### [WHAT NEEDS TO BE DONE]
Every line holding the string "month" should be copied out of the listing.

### [SUPPLIED INFORMATION]
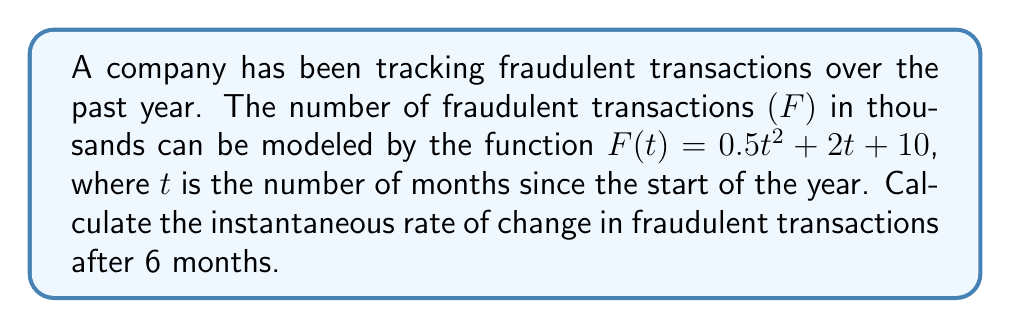Can you solve this math problem? To find the instantaneous rate of change, we need to calculate the derivative of the function $F(t)$ and evaluate it at $t = 6$.

Step 1: Find the derivative of $F(t)$.
$F(t) = 0.5t^2 + 2t + 10$
$F'(t) = \frac{d}{dt}(0.5t^2 + 2t + 10)$
$F'(t) = 1t + 2$

Step 2: Evaluate $F'(t)$ at $t = 6$.
$F'(6) = 1(6) + 2 = 8$

The instantaneous rate of change after 6 months is 8 thousand fraudulent transactions per month.
Answer: 8 thousand fraudulent transactions per month

### [TASK RESULT]
The instantaneous rate of change after 6 months is 8 thousand fraudulent transactions per month.
Answer: 8 thousand fraudulent transactions per month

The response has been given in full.